==== Given data ====

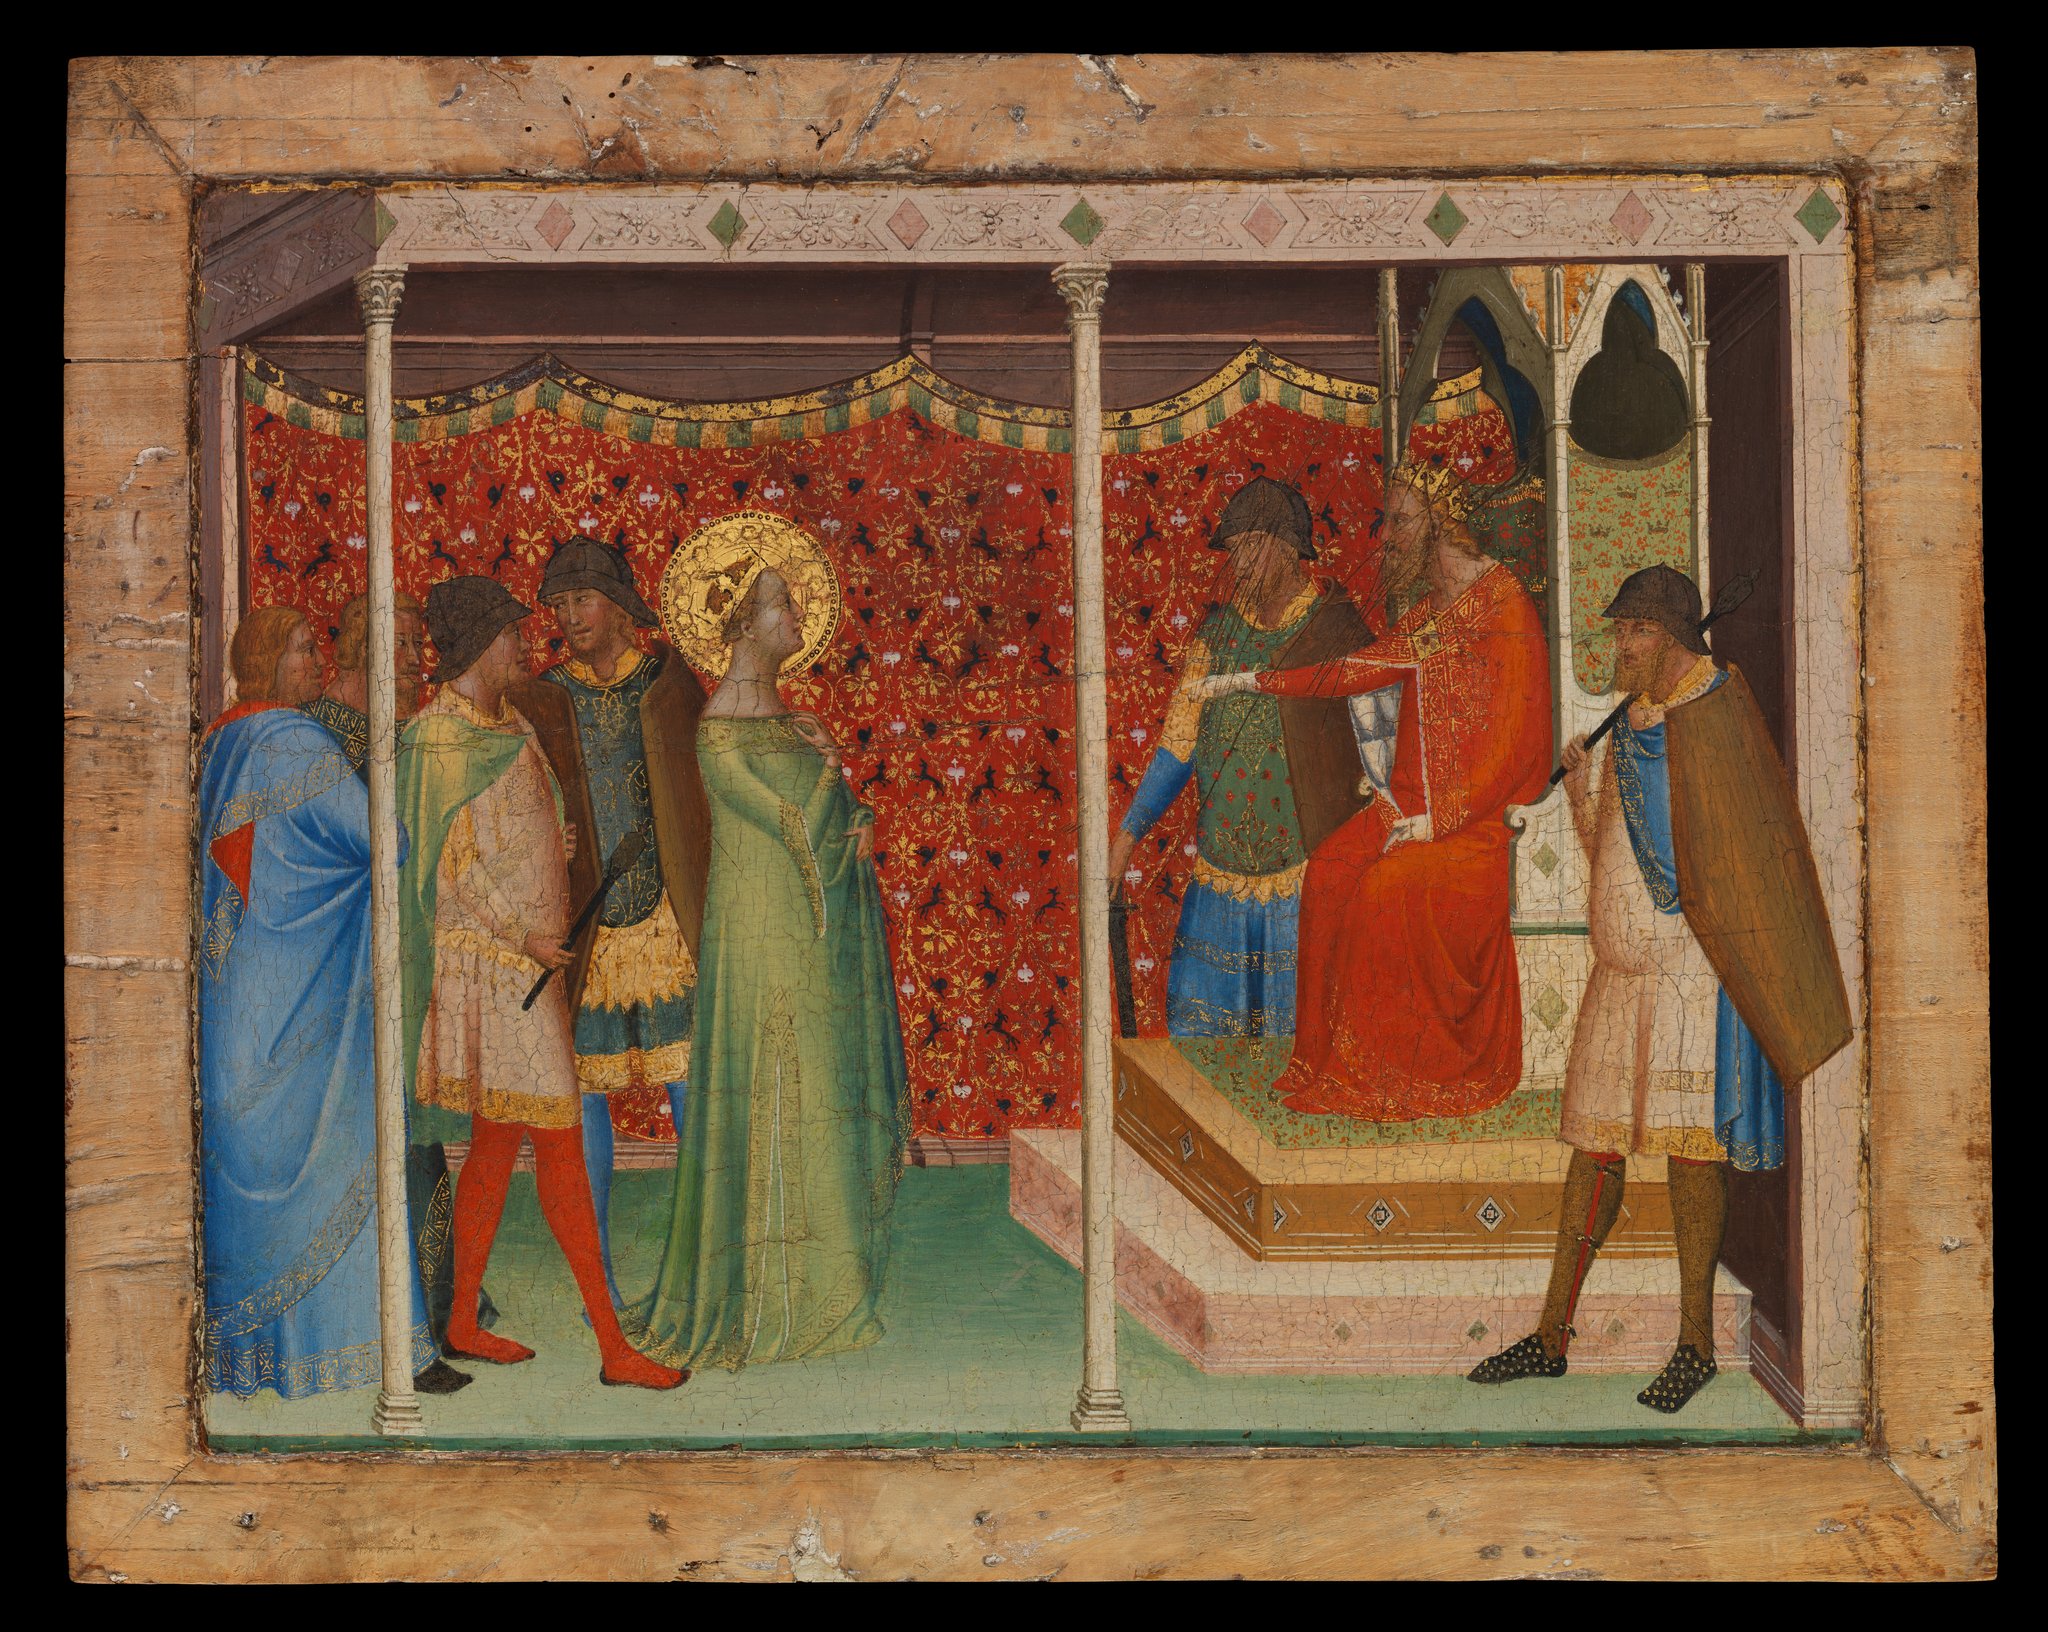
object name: painting, predella panel
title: Saint Reparata before the Emperor Decius
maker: bernardo daddi
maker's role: artist
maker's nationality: italian
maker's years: 1290-1348
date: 1338-1340
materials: paint, wood
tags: interiors,men,women,saints
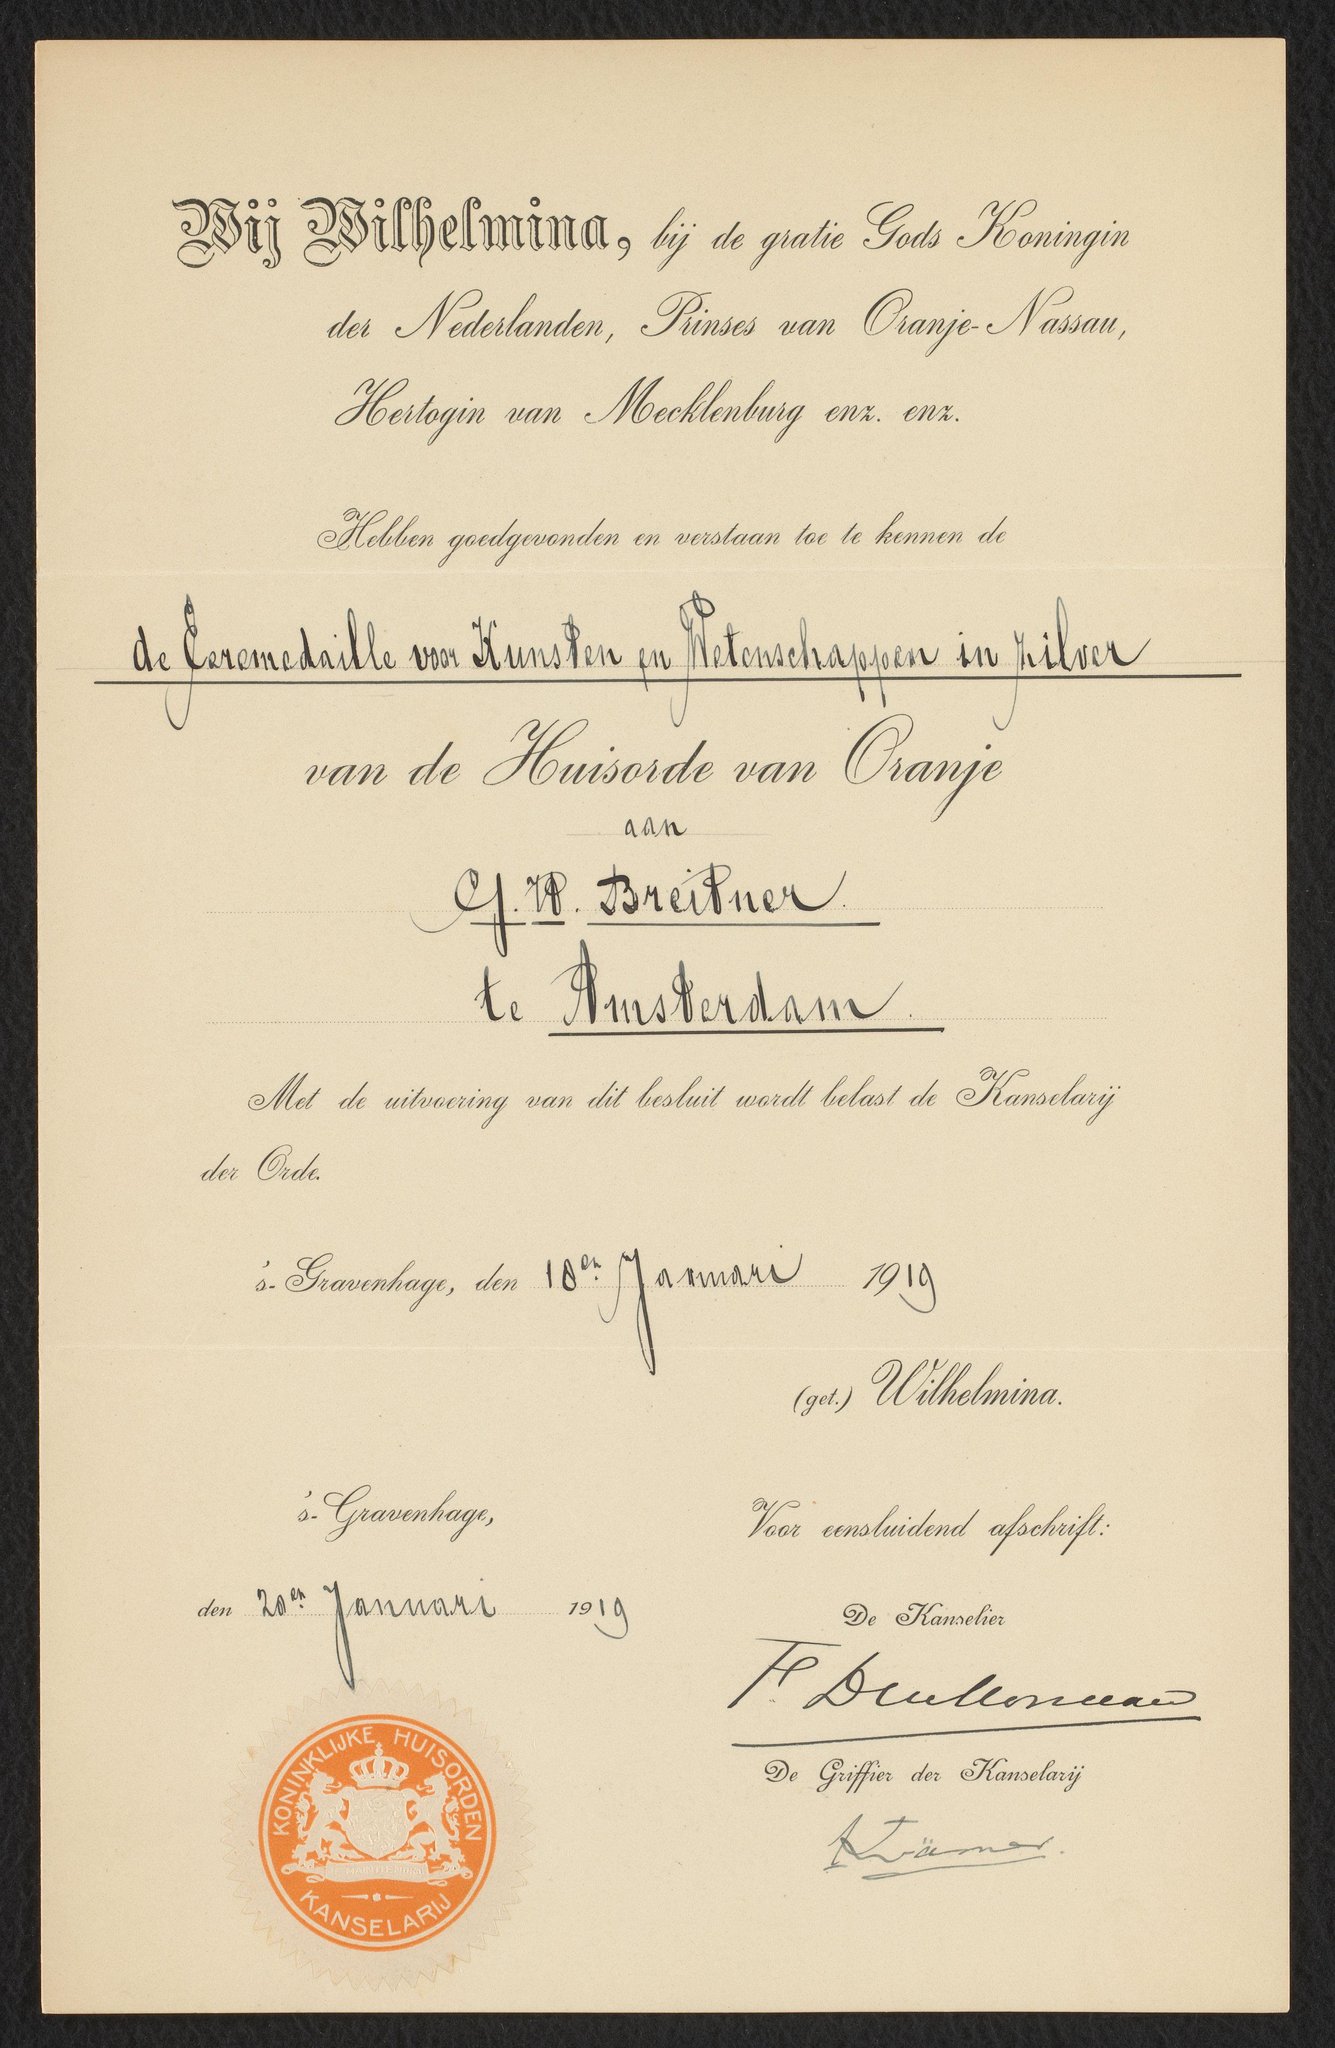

====

> [Work to be completed]:
All entries above should be printed exactly, though without their pictures.

> [Answer section]:
object name: painting, predella panel
title: Saint Reparata before the Emperor Decius
maker: bernardo daddi
maker's role: artist
maker's nationality: italian
maker's years: 1290-1348
date: 1338-1340
materials: paint, wood
tags: interiors,men,women,saints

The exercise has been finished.